▶ INSTRUCTIONS TO FOLLOW
Transcribe each record word for word. Skip the images.

[Records from a data collection]
------------------------------------------------------------------------

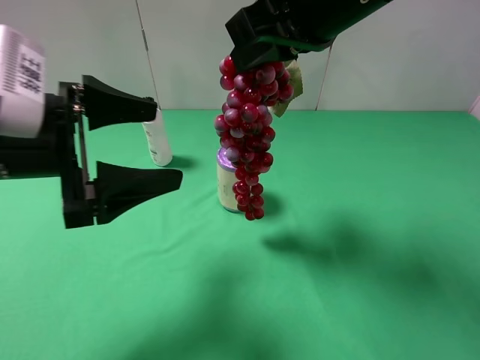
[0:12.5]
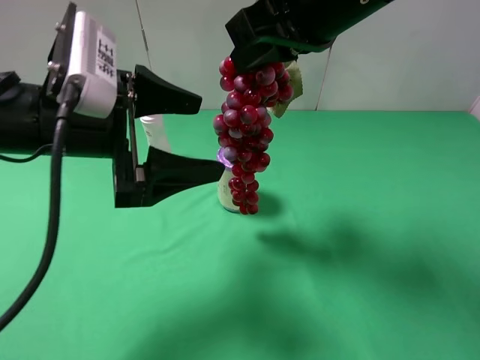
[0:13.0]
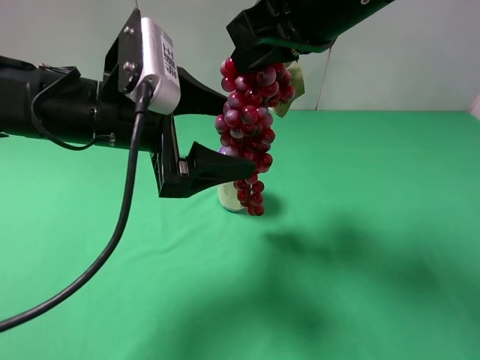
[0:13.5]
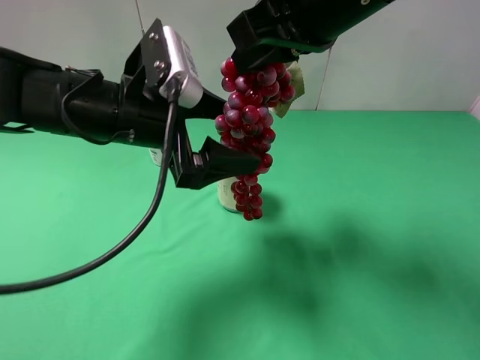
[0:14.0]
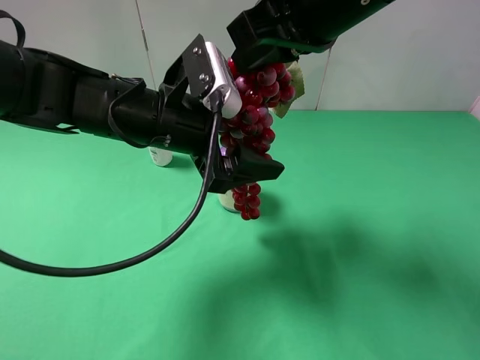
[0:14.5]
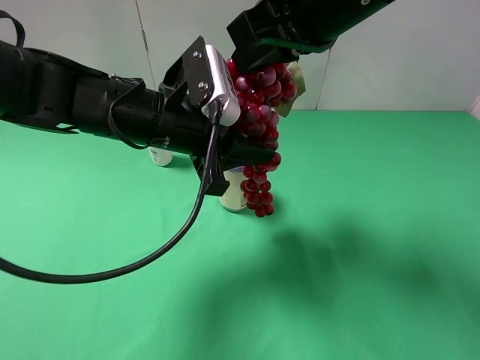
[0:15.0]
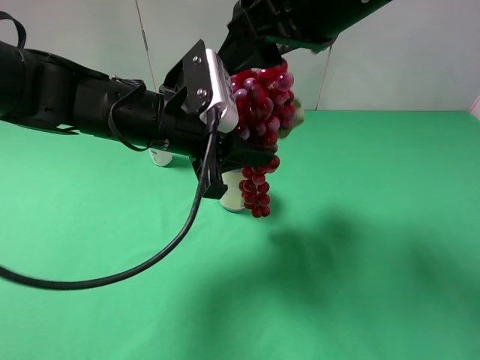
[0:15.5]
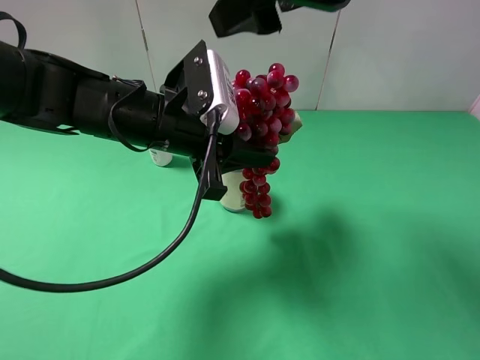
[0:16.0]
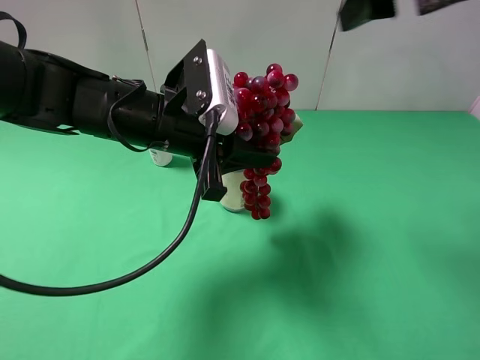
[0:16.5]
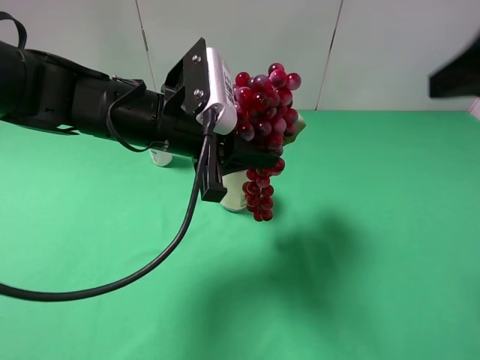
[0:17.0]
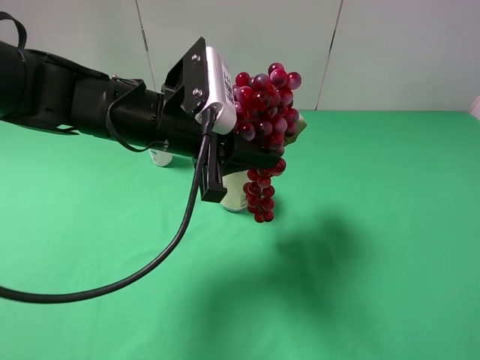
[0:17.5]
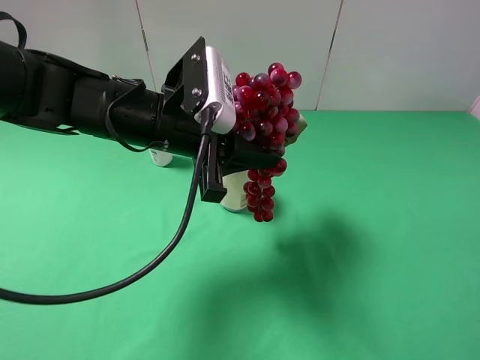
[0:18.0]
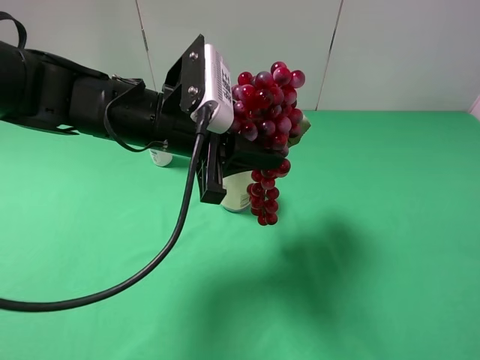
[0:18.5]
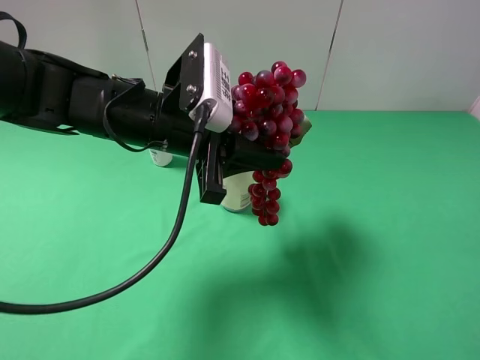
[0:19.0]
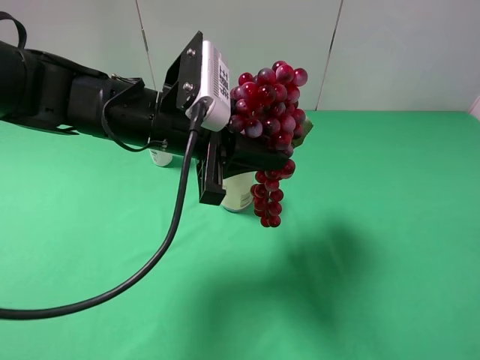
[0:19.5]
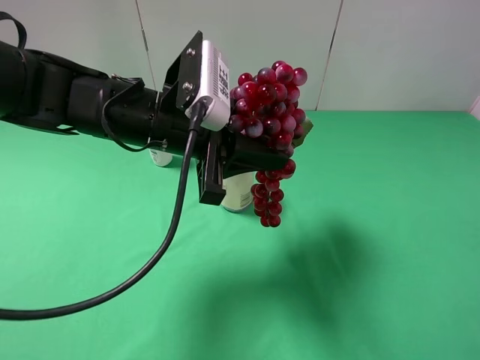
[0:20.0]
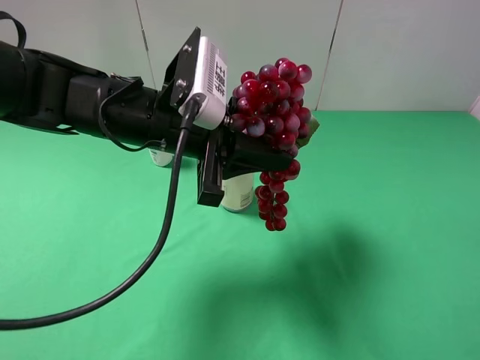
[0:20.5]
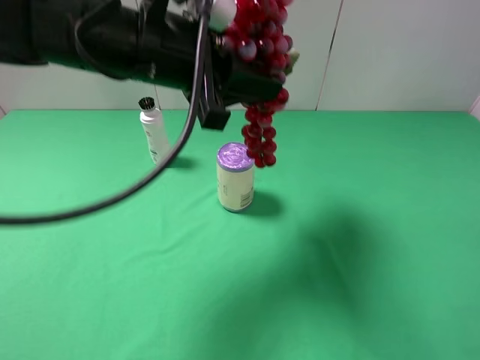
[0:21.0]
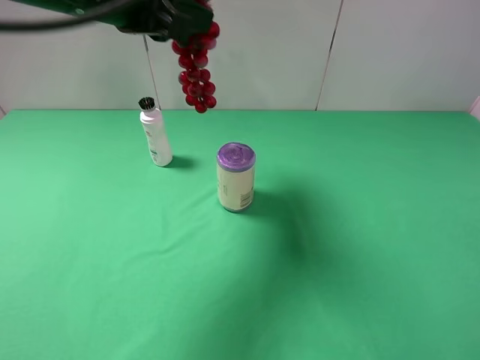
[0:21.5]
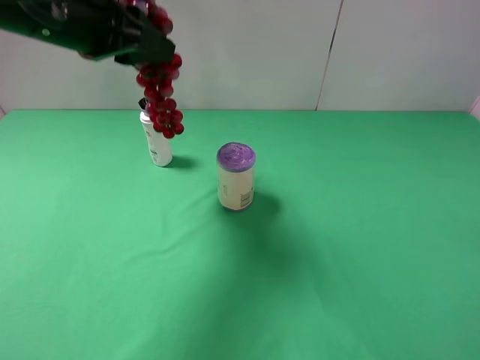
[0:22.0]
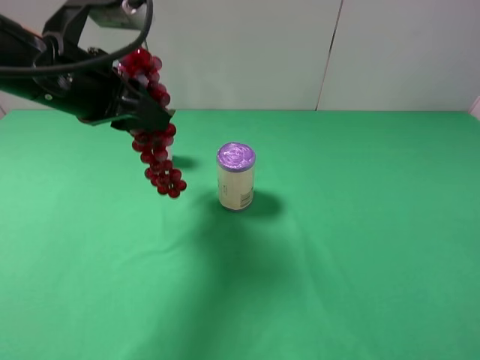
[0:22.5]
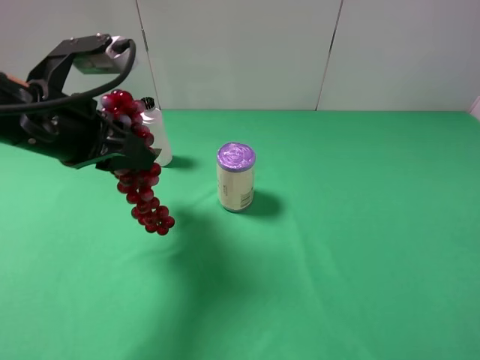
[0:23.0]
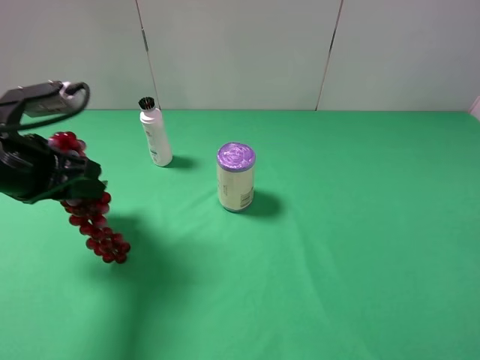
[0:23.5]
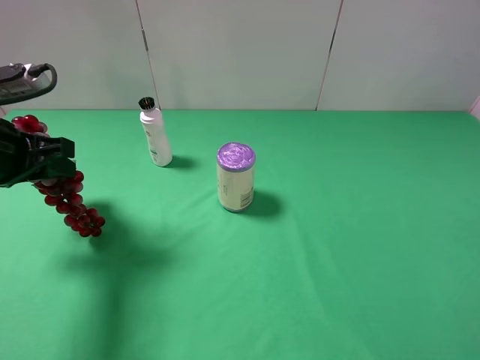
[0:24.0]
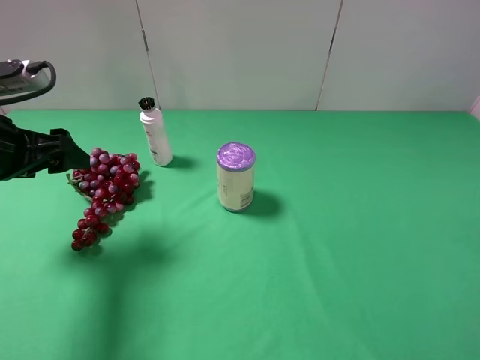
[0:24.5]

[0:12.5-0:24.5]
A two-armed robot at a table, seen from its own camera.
Task of the whole recording: use the right gripper to pick up the item and transfer it from the right gripper to the left gripper.
Step, 0:12.5 to 0:15.5: Pass the grape to the left gripper.
0:12.5 to 0:14.5: The left gripper heads to the right and forward, covering roughly 15 cm.
0:14.5 to 0:16.5: The left gripper closes, while the right gripper travels to the right by roughly 10 cm, and opens its fingers.
0:16.5 to 0:18.5: The right gripper shifts some 30 cm backward, downward and to the right.
0:20.5 to 0:22.5: The left gripper shifts approximately 10 cm to the left and upward.
0:22.5 to 0:24.5: The left gripper moves to the left and downward, approximately 10 cm, and opens its fingers.

------------------------------------------------------------------------

▶ SOLUTION TO THE EXERCISE
[0:12.5]
[0:13.0]
[0:13.5]
[0:14.0]
[0:14.5]
[0:15.0]
[0:15.5]
[0:16.0]
[0:16.5]
[0:17.0]
[0:17.5]
[0:18.0]
[0:18.5]
[0:19.0]
[0:19.5]
[0:20.0]
[0:20.5]
[0:21.0]
[0:21.5]
[0:22.0]
[0:22.5]
[0:23.0]
[0:23.5]
[0:24.0]
[0:24.5]

[0:12.5-0:24.5]
A two-armed robot at a table, seen from its own camera.
Task of the whole recording: use the right gripper to pick up the item and transfer it from the right gripper to the left gripper.
Step, 0:12.5 to 0:15.5: Pass the grape to the left gripper.
0:12.5 to 0:14.5: The left gripper heads to the right and forward, covering roughly 15 cm.
0:14.5 to 0:16.5: The left gripper closes, while the right gripper travels to the right by roughly 10 cm, and opens its fingers.
0:16.5 to 0:18.5: The right gripper shifts some 30 cm backward, downward and to the right.
0:20.5 to 0:22.5: The left gripper shifts approximately 10 cm to the left and upward.
0:22.5 to 0:24.5: The left gripper moves to the left and downward, approximately 10 cm, and opens its fingers.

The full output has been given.